Busy nursing Lisa and putting the baby to bed, she’d left him to reheat his own dinner in the microwave. The chicken had come out dry and the green beans soggy, neither of which helped his mood. Honestly, shouldn’t an adult be able to transcend minor disappointments?
He’d perked up at the suggestion of coffee in the living room, but only momentarily. When Karly announced that she’d agreed to sing in a church concert on Friday night, his glower had told her instantly that he wasn’t expecting this kind of news and wanted it to go away.
“Business is finally improving,” he told her. “I can’t afford to miss the chance to make extra money.
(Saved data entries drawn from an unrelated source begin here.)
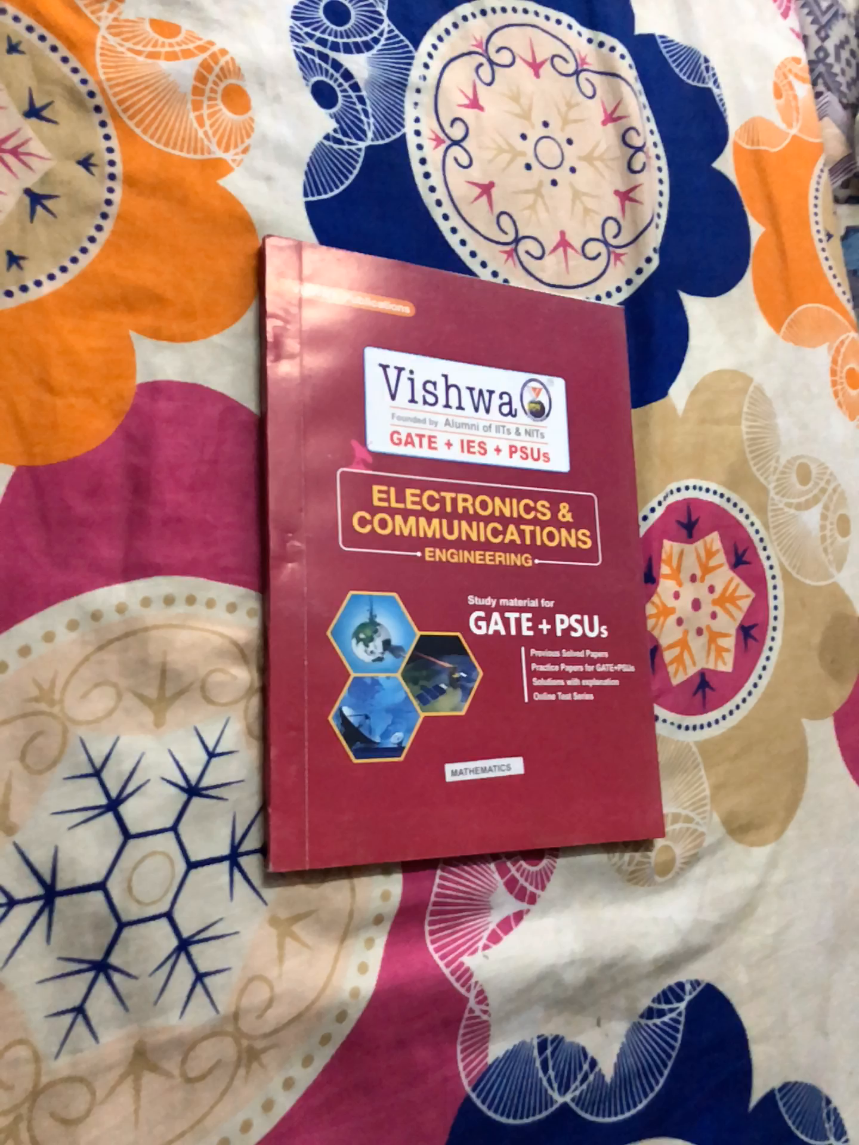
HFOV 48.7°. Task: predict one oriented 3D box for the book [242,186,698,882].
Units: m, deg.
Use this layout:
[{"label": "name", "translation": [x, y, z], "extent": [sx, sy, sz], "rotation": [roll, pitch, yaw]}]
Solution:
[{"label": "book", "translation": [0.021, -0.018, 0.457], "extent": [0.217, 0.030, 0.300], "rotation": [4, 77, -26]}]
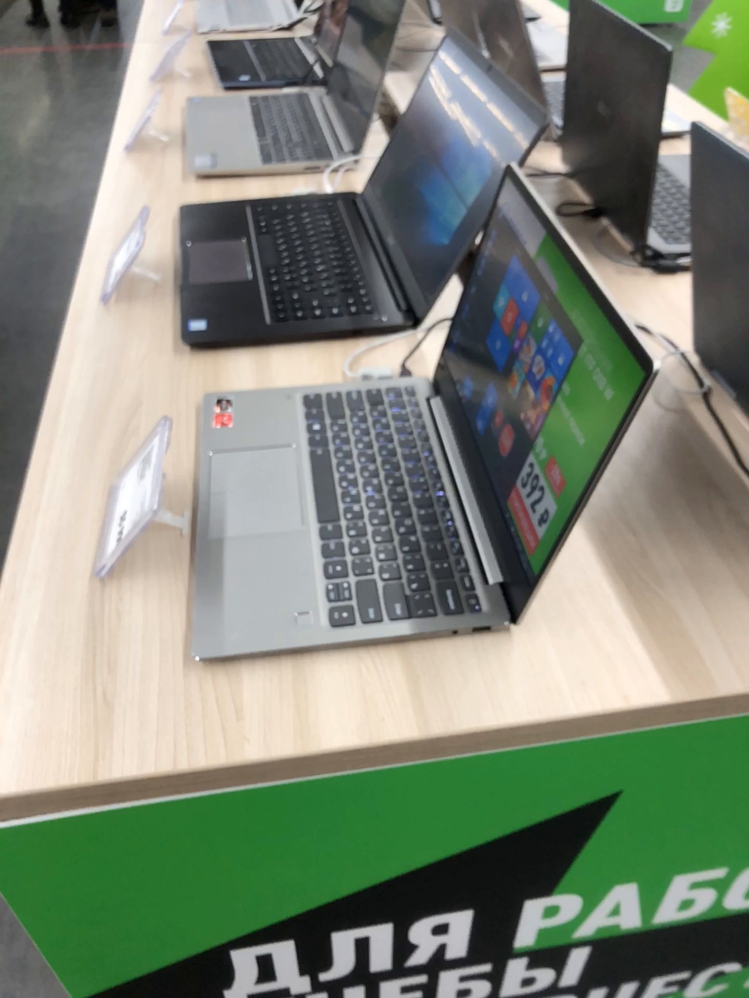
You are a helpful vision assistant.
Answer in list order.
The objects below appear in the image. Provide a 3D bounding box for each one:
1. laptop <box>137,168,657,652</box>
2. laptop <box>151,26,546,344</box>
[{"bbox_3d":[-0.004,-0.079,0.584,0.261,0.187,0.287,-5,41,-5],"label":"laptop"},{"bbox_3d":[-0.046,-0.355,0.899,0.339,0.188,0.346,-7,41,-7],"label":"laptop"}]
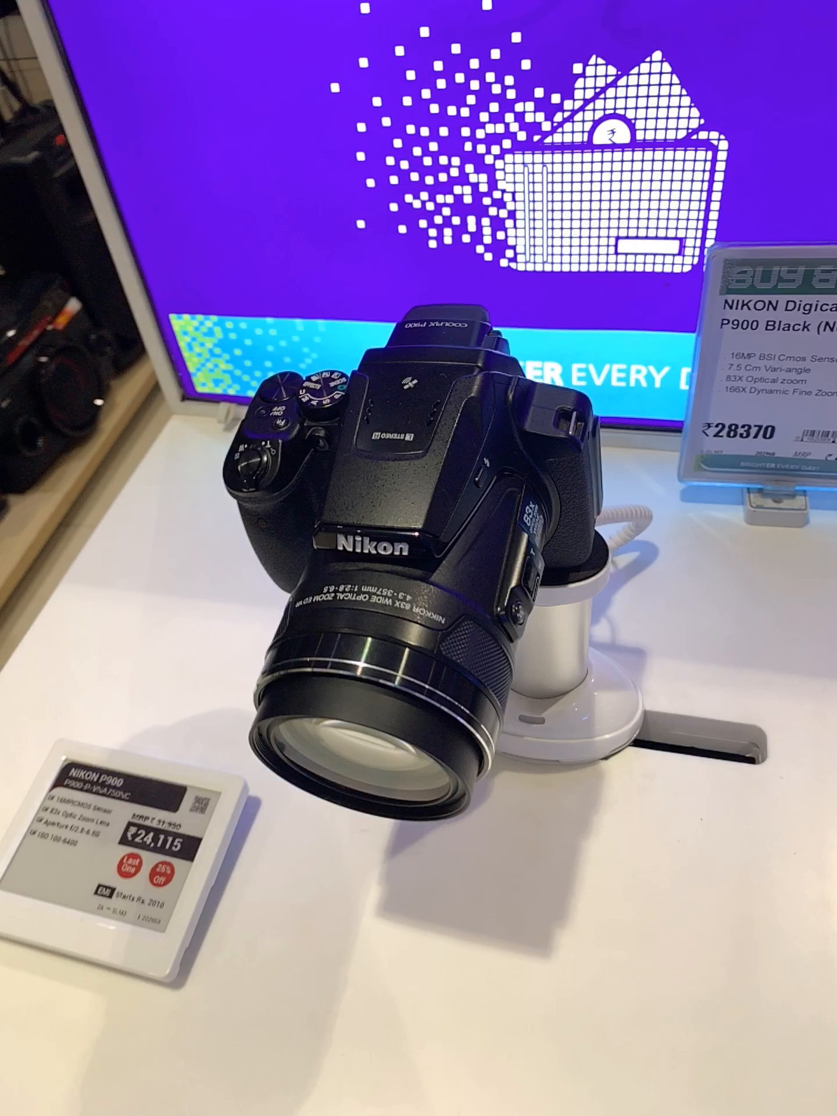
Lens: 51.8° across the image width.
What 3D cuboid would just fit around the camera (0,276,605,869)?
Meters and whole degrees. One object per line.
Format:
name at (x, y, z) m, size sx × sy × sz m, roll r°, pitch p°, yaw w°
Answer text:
camera at (-0.021, -0.008, 0.281) m, size 0.140 × 0.090 × 0.160 m, roll 6°, pitch 48°, yaw 14°

Karly, if things don’t change, we’ll never be able to buy a house, let alone save for Lisa’s education and our retirement.”
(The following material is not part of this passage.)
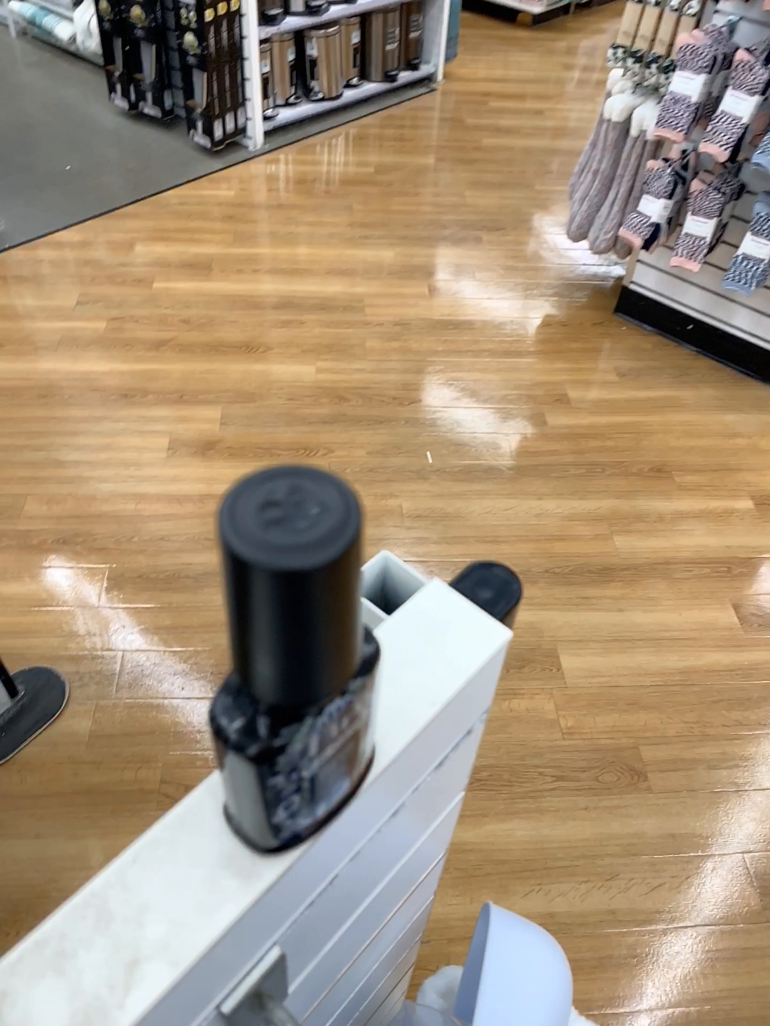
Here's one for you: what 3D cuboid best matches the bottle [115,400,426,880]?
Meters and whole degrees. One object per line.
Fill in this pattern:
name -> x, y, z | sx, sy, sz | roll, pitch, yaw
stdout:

Soon after their marriage, Frank had been laid off from his programming job with an Internet company. He’d gone into free-lance consulting, only to be hit by a succession of setbacks—a nationwide recession, then a deepening depression within California. However, as he’d said, things were looking up. “A few months ago, you had to work twice as hard because you were trying to drum up business,” she pointed out. “Now that you’ve got the business, you have to work harder to keep up. Frank, you hardly know your daughter.”
“She’s only three months old. She sleeps all the time. When she’s bigger, we’ll spend time together, I promise.” Frank’s tone softened. “I value a family as much as you do, Karly, but we each have our roles to play, and neither of us wants you to have to work. If I don’t capitalize on earning extra income when I can, that might be necessary.”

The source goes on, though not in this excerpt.